Im looking for the Griffin 25 with top airflow, preferably in black.

Been googling and trying to find but nothing.

Who can point me in the right direction?

Sent from my SM-G935F using Tapatalk


----------



## Vapers Corner (5/5/16)

Hi 

We will be getting some in next week. 

www.vaperscorner.co.za

Reactions: Optimistic 1


----------



## RiaanRed (5/5/16)

Sir Vape has


----------



## Reaper2JZ (6/5/16)

Out of stock 

Sent from my SM-G935F using Tapatalk


----------



## Skinndeep (12/5/16)

Vapers Corner said:


> Hi
> 
> We will be getting some in next week.
> 
> www.vaperscorner.co.za


Have you received stock yet?


----------



## Vapers Corner (12/5/16)

Skinndeep said:


> Have you received stock yet?



Currently at customs.
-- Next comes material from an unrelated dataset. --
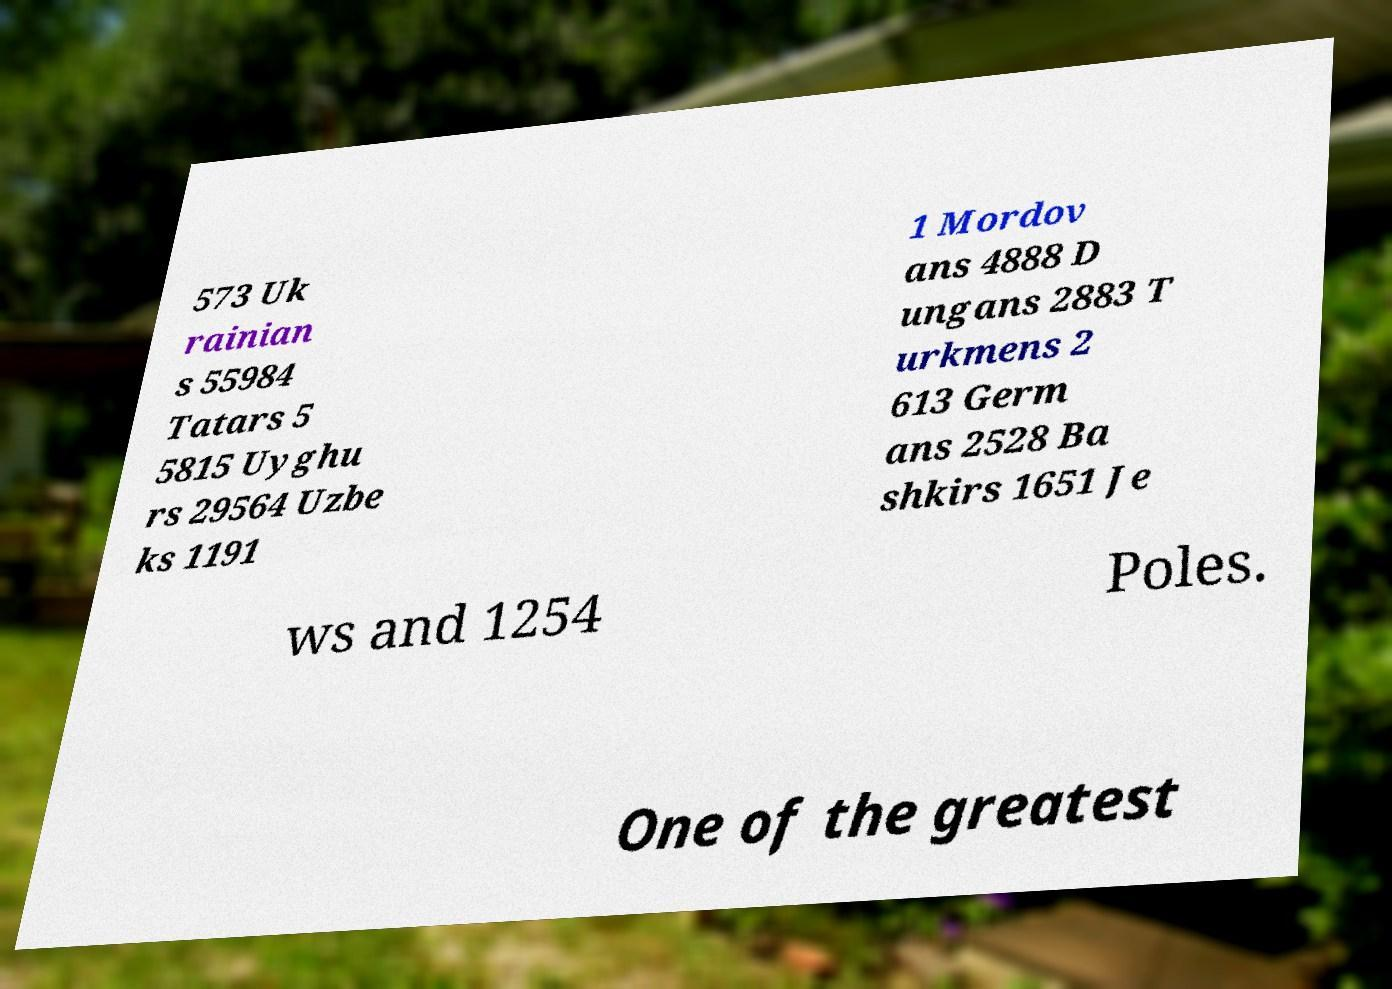Can you accurately transcribe the text from the provided image for me? 573 Uk rainian s 55984 Tatars 5 5815 Uyghu rs 29564 Uzbe ks 1191 1 Mordov ans 4888 D ungans 2883 T urkmens 2 613 Germ ans 2528 Ba shkirs 1651 Je ws and 1254 Poles. One of the greatest 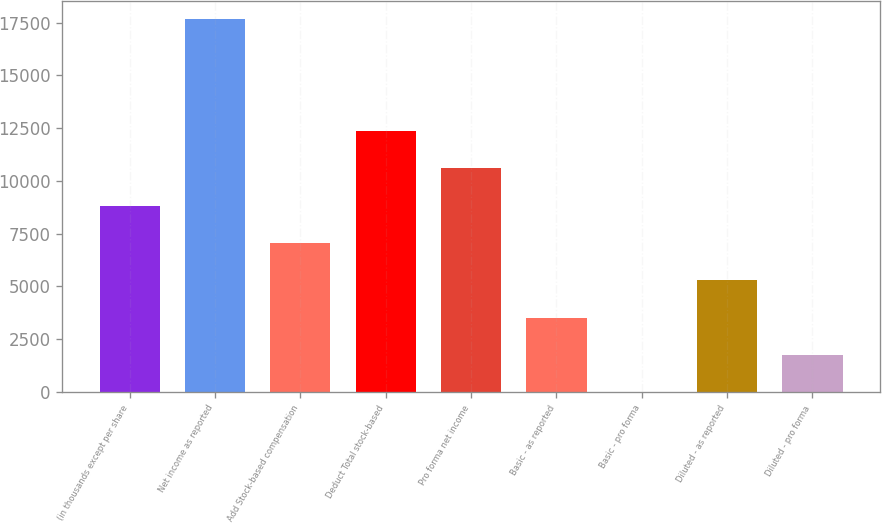Convert chart. <chart><loc_0><loc_0><loc_500><loc_500><bar_chart><fcel>(in thousands except per share<fcel>Net income as reported<fcel>Add Stock-based compensation<fcel>Deduct Total stock-based<fcel>Pro forma net income<fcel>Basic - as reported<fcel>Basic - pro forma<fcel>Diluted - as reported<fcel>Diluted - pro forma<nl><fcel>8826.09<fcel>17652<fcel>7060.9<fcel>12356.5<fcel>10591.3<fcel>3530.52<fcel>0.14<fcel>5295.71<fcel>1765.33<nl></chart>

Working to get them released as I write this. 

Will update here when we have them

Reactions: Like 2


----------



## Vapers Corner (13/5/16)

HI 

They have landed and available online: 

http://www.vaperscorner.co.za/shop/category/just-arrived-78

Reactions: Winner 1


----------



## Skinndeep (13/5/16)

Just ordered one thanks

Reactions: Like 1


----------